A daily posting of Australian folk songs - 26 January, 2011 to 26 January, 2012.
Check out the Blog Archive for a full listing.
Friday, April 29, 2011
The Maryborough Miner
Come all you sons of liberty and listen to me song:
I'll tell you me observations and it won't take very long.
I've fossicked around this continent five thousand miles or more
And many's the time I might have starved but for the cheek I bore.
I've been on all the diggings, boys, from famous Ballarat,
I've long-tommed on the Lachlan and I've fossicked Lambing Flat.
So you can understand, me boys, just from my little rhyme,
I'm a Maryborough miner and I'm one of the good old time.
I came to the Fitzroy River all with me Bendigo rig;
I had a shovel, a pick, and a pan, and for a licence I begged.
But the assay man called me a loafer, said for work I'd no desire,
And so to do him justice, boys, I set his office on fire.
Oh yes, my jolly jokers, I've done it on the cross,
Although I carry me bluey now, I've sweated many a horse.
I've helped to rob the escort of many an ounce of gold
And the traps have trailed upon my tail more times than I've ever told.
Oh yes, the traps have trailed me and been frightened out of their stripes;
They never could have caught me for they feared me cure for gripes.
And well they knew I carried it for they had often seen it
Glistening in me flipper chaps, me patent pill machine.
I'm one of the men who cradled on the reef at Tarrangower,
Anxiety and misery me grim companions there.
I puddled the clay at Bendigo and I chanced me arm at Kew,
And I wound up my avocation with ten years on Cockatoo.
I've been on all the diggings, boys, from famous Ballarat,
I've long-tommed on the Lachlan and I've fossicked Lambing Flat.
So you may understand, my boys, just from this little rhyme,
I'm a Maryborough miner and I'm one of the good old time.
From AL Lloyd's 1956 Australian Bush Songs album.
These sleeve notes are from his second recording of the song on his 1958 release, Across the Western Plains:
The great gold rushes which began in the 1850's developed a self-reliant class of men.
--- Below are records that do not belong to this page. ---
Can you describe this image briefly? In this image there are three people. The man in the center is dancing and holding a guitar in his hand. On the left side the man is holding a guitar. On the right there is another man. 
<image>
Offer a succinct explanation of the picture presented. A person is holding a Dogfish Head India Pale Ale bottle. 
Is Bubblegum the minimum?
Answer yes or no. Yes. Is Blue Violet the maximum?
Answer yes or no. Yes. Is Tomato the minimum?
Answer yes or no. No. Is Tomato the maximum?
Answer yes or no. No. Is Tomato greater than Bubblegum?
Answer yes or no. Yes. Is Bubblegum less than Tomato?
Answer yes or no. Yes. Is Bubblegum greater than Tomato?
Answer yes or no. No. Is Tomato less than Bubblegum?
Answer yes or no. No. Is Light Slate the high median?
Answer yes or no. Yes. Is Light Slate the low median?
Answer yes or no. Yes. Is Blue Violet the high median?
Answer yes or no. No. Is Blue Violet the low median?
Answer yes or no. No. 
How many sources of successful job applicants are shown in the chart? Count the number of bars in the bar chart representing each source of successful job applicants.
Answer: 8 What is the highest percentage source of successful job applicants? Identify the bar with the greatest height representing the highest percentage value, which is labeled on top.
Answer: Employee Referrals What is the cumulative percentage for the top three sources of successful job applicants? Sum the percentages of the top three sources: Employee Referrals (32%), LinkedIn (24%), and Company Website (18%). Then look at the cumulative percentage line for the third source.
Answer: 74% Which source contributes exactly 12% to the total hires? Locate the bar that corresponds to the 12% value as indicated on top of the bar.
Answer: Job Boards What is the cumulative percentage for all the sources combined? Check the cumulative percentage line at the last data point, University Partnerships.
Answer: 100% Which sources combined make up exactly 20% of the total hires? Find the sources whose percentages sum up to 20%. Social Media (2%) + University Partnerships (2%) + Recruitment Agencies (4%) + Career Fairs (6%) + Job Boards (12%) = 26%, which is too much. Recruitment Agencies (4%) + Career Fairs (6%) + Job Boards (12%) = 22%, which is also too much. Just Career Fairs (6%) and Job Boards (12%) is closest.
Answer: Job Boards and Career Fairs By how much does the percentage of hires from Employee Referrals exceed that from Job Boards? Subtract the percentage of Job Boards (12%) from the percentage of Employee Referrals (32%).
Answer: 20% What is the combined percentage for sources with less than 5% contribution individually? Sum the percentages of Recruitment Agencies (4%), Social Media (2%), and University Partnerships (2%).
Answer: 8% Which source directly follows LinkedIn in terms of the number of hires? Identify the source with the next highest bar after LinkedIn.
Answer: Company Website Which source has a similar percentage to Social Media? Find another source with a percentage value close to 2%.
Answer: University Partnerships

Among the most admirable were the men who raised the flag of stars at Eureka Stockade in 1854 against oppressive authority. Among the least admirable were those who were prepared to get their gold at the point of a pistol, if they couldn't get it by the point of a pick. But often it was hard to tell the best from the worst among the diggers, as with the genial old rascal of this song. Of the Victorian township of Maryborough, Mark Twain said it was a “railway station with a town attached.” The people of Maryborough replied: “Even Mark Twain has to pay tribute to our impressive railway station.” (Some say that the railways people got their plans mixed, and that the station they built at Maryborough had been designed for the centre of Melbourne.)